*WORK ITEM*: Nothing but the lines from the one containing "list Official Kinect" through the one containing "subtitle Literatura [118, 295, 1122, 334]", both included, should be given again, each exactly as written below.

==== SOURCE MATERIAL

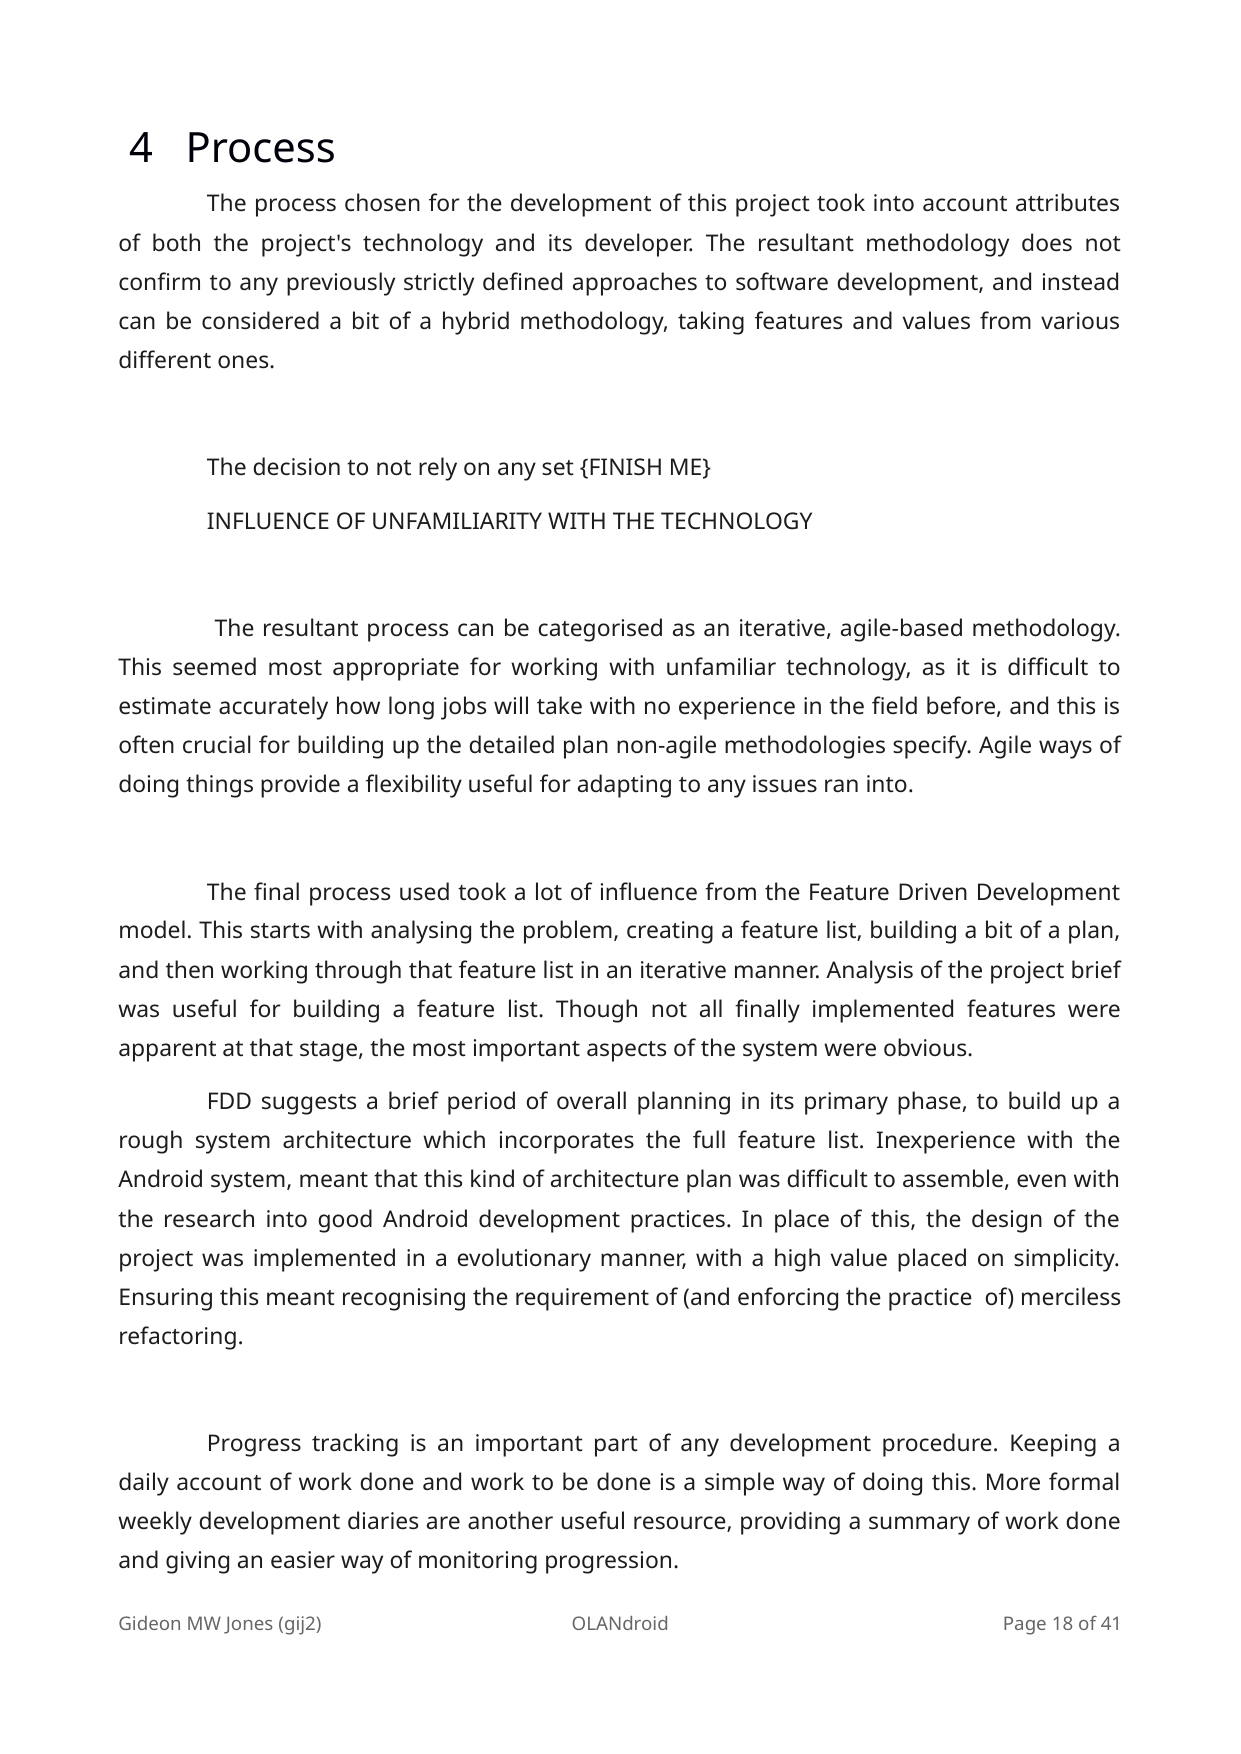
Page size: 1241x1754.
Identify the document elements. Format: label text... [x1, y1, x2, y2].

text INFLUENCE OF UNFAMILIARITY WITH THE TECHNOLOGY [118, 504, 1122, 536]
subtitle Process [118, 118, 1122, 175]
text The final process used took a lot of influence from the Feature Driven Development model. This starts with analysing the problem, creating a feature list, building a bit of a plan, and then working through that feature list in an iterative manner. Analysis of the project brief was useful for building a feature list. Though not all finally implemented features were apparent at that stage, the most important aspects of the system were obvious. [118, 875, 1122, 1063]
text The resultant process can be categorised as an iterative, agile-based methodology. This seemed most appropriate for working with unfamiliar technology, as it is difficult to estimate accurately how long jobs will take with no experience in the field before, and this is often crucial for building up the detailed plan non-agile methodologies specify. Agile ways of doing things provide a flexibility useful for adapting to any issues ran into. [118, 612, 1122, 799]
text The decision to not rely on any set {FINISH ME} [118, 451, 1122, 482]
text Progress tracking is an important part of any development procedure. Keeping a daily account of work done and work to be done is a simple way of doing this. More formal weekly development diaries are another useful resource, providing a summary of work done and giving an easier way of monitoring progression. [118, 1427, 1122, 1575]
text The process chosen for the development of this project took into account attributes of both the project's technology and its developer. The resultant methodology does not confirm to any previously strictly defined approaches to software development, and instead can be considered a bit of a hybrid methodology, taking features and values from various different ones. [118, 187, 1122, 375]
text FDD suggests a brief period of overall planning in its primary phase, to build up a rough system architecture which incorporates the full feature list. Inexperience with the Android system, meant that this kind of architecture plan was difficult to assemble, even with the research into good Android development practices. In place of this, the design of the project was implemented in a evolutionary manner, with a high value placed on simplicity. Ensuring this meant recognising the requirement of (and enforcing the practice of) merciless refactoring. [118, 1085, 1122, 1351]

========
==== SOURCE MATERIAL

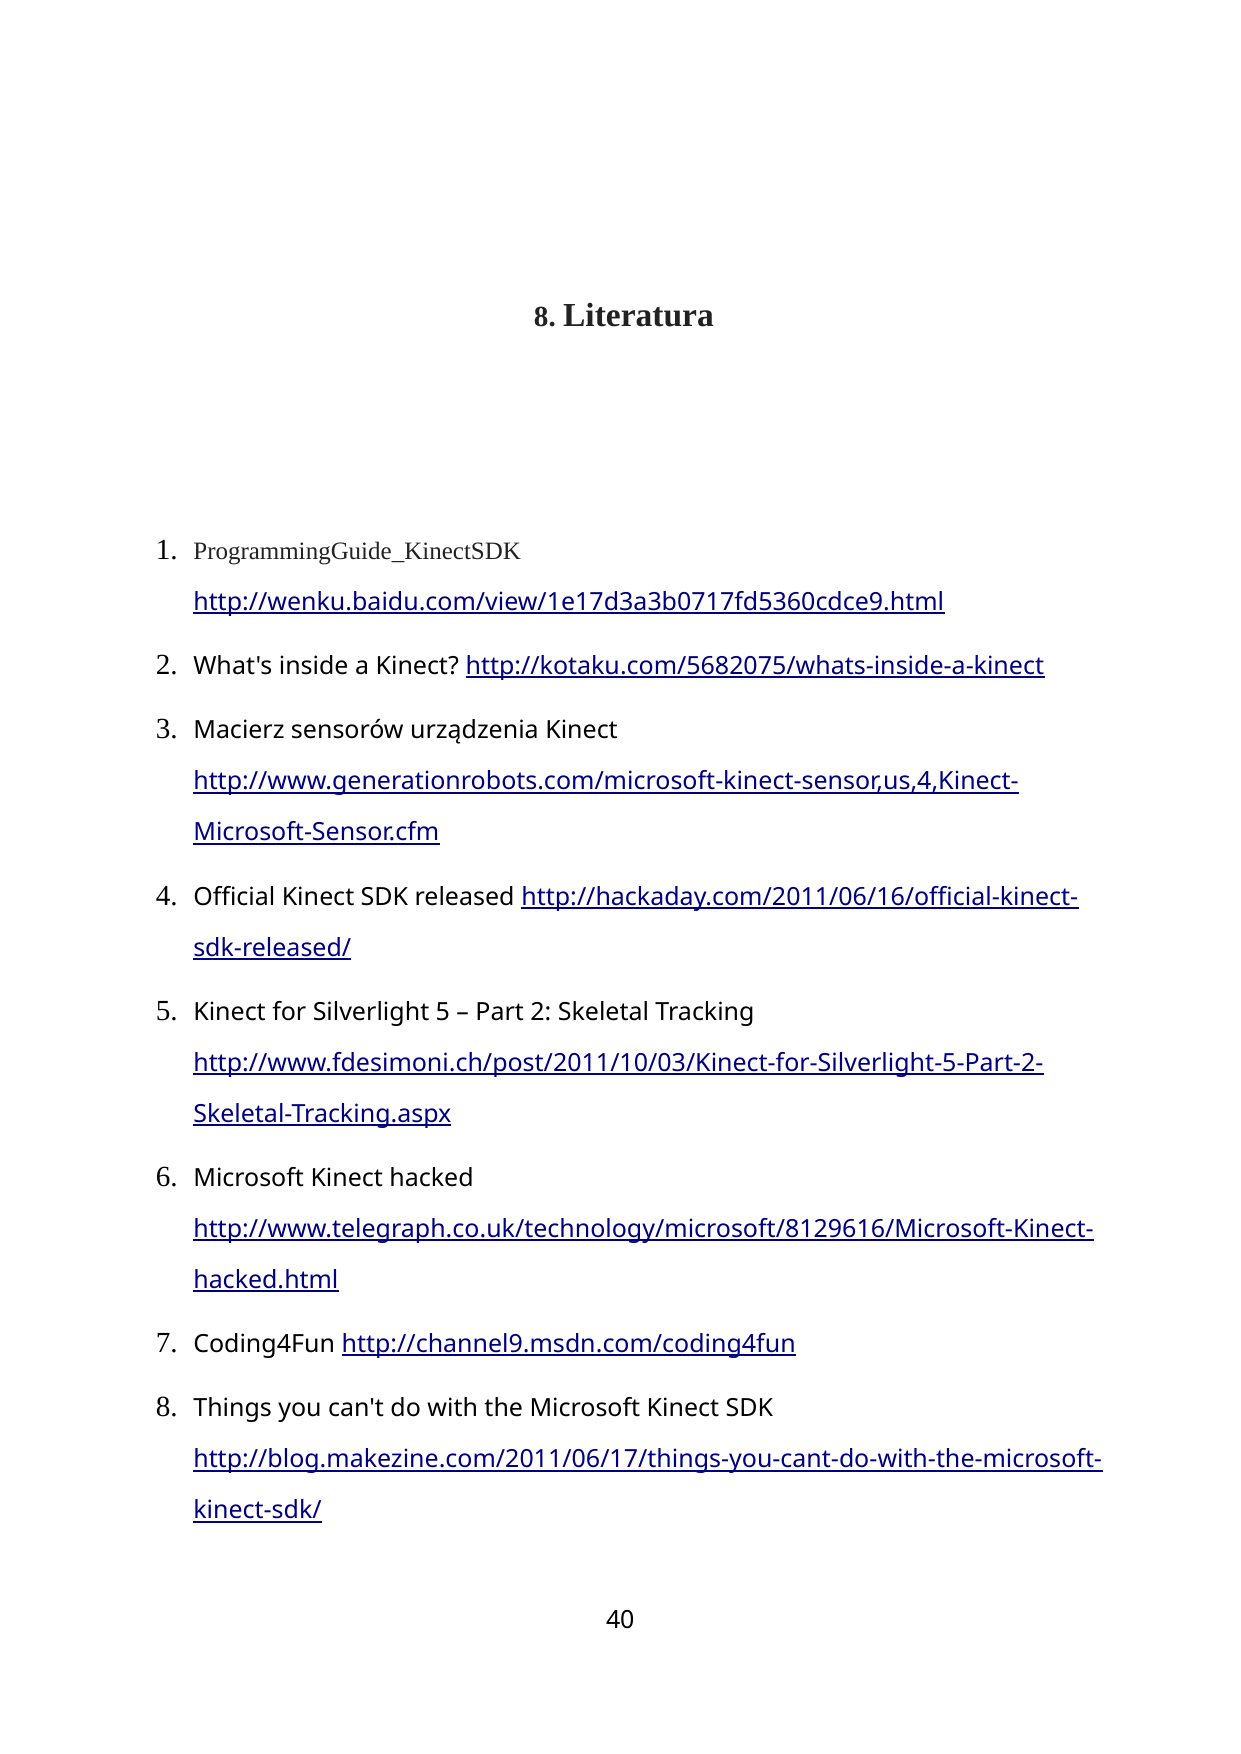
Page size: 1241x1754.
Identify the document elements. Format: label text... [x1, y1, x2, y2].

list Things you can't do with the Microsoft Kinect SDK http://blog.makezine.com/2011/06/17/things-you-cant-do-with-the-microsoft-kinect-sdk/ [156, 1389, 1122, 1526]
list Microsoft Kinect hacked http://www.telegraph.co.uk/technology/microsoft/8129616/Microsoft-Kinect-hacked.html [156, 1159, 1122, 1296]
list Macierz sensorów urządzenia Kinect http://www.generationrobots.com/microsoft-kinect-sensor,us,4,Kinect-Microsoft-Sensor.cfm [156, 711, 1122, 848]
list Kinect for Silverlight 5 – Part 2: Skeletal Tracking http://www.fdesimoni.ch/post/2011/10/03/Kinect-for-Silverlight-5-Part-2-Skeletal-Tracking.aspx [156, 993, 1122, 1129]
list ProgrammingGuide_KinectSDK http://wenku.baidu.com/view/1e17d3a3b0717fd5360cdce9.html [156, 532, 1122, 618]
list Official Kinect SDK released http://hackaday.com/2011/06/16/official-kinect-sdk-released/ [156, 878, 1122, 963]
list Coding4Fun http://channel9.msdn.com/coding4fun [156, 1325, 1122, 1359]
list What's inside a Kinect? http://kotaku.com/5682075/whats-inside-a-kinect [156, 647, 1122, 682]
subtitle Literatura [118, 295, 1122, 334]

========
==== SOURCE MATERIAL

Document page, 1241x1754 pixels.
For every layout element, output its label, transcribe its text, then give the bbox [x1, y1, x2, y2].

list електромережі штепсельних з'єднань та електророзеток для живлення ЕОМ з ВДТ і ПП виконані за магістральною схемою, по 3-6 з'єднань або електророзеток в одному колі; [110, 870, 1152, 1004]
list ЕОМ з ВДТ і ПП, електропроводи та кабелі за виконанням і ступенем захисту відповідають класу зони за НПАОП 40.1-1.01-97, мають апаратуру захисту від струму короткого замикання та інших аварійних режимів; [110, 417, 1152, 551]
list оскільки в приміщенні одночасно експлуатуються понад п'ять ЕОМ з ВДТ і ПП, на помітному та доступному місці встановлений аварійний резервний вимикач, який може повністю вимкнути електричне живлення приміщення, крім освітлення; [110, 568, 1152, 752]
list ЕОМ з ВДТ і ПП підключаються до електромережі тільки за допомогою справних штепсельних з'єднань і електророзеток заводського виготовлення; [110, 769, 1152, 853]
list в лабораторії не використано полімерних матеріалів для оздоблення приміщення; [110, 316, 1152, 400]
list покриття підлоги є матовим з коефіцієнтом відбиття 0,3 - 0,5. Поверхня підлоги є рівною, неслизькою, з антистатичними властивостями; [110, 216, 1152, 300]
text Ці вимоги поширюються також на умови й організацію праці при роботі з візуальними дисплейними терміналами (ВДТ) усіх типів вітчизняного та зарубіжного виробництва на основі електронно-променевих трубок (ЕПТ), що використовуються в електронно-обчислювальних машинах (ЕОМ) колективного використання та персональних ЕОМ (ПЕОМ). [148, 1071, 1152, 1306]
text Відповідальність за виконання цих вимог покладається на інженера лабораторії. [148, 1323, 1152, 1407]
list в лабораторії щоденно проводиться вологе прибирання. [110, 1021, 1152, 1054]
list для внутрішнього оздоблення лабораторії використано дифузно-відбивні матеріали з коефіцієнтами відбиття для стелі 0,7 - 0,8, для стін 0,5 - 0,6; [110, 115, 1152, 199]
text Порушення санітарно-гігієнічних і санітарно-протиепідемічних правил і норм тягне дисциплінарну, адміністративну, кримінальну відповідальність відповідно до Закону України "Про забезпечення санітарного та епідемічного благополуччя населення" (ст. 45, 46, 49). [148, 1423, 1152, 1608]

========

*REPLY TO THE EXERCISE*:
list Official Kinect SDK released http://hackaday.com/2011/06/16/official-kinect-sdk-released/ [156, 878, 1122, 963]
list Coding4Fun http://channel9.msdn.com/coding4fun [156, 1325, 1122, 1359]
list What's inside a Kinect? http://kotaku.com/5682075/whats-inside-a-kinect [156, 647, 1122, 682]
subtitle Literatura [118, 295, 1122, 334]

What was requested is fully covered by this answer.